(Stored data entries)
..........
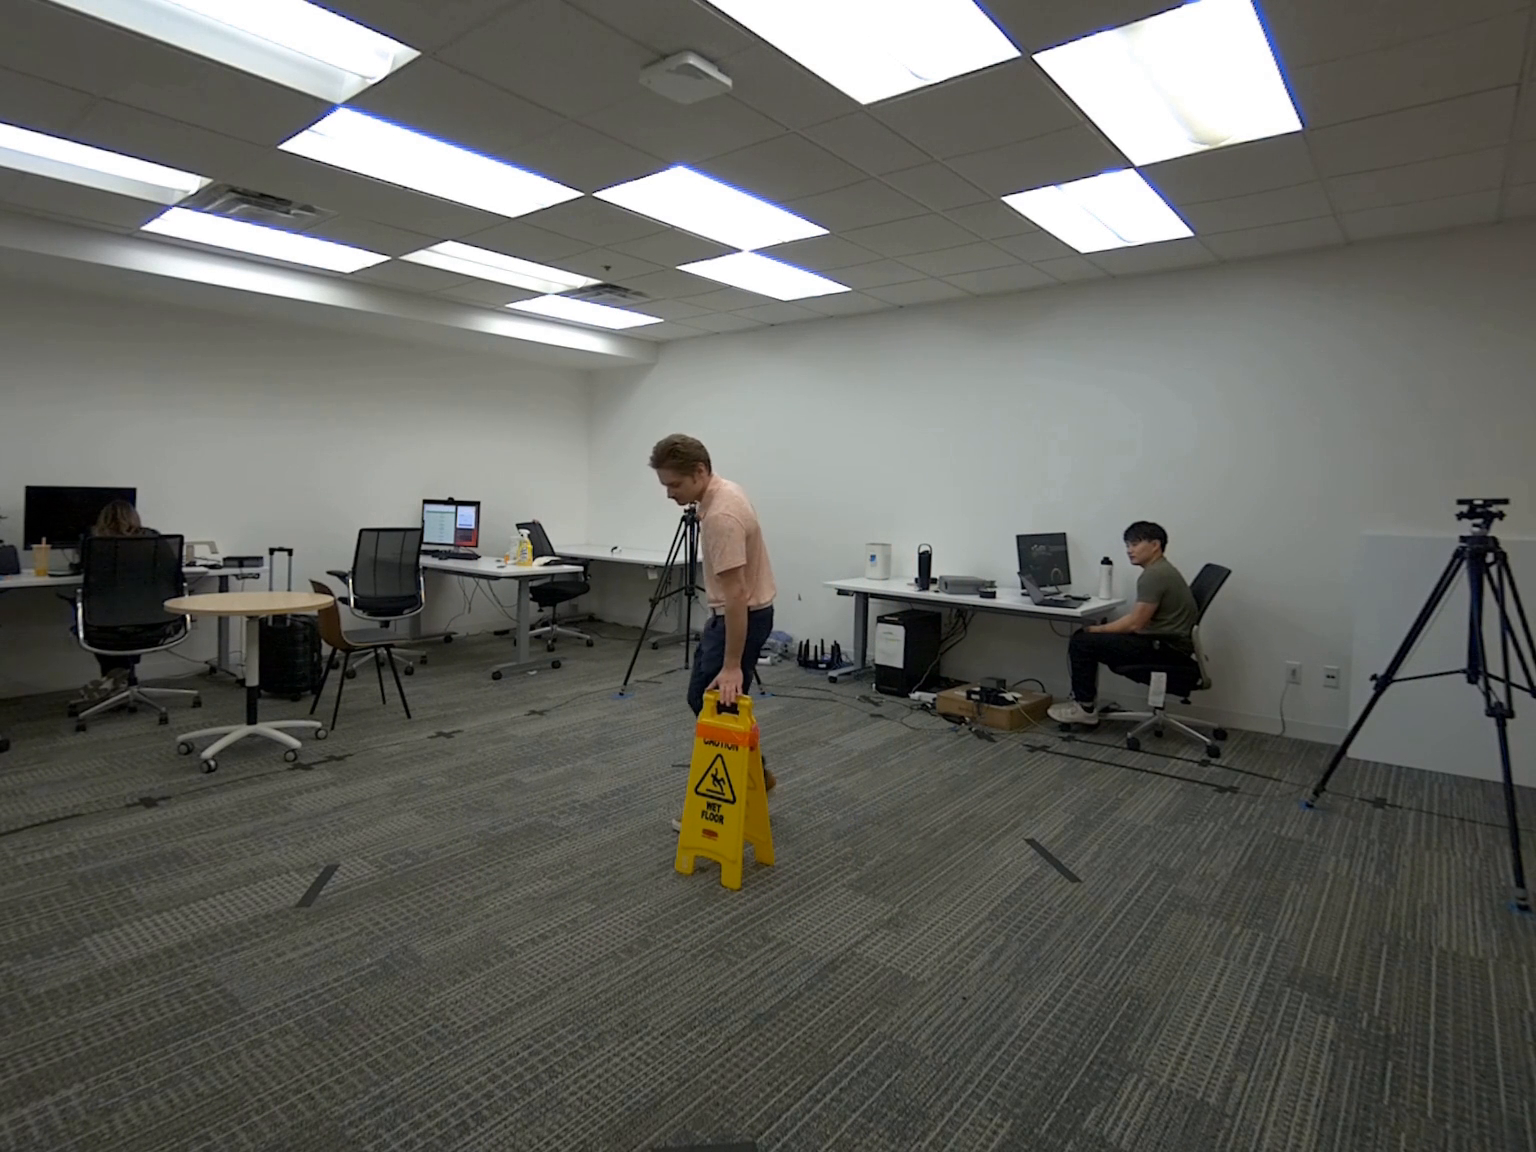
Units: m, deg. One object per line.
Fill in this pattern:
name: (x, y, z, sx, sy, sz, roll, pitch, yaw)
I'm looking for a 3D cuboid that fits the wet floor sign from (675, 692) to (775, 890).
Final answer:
..........
Task to carry out
Print every record exactly without the images.

Answer space
Units: m, deg. One object per line.
Fill in this pattern:
name: (x, y, z, sx, sy, sz, roll, pitch, yaw)
I'm looking for a 3D cuboid that fits the wet floor sign from (675, 692) to (775, 890).
Final answer:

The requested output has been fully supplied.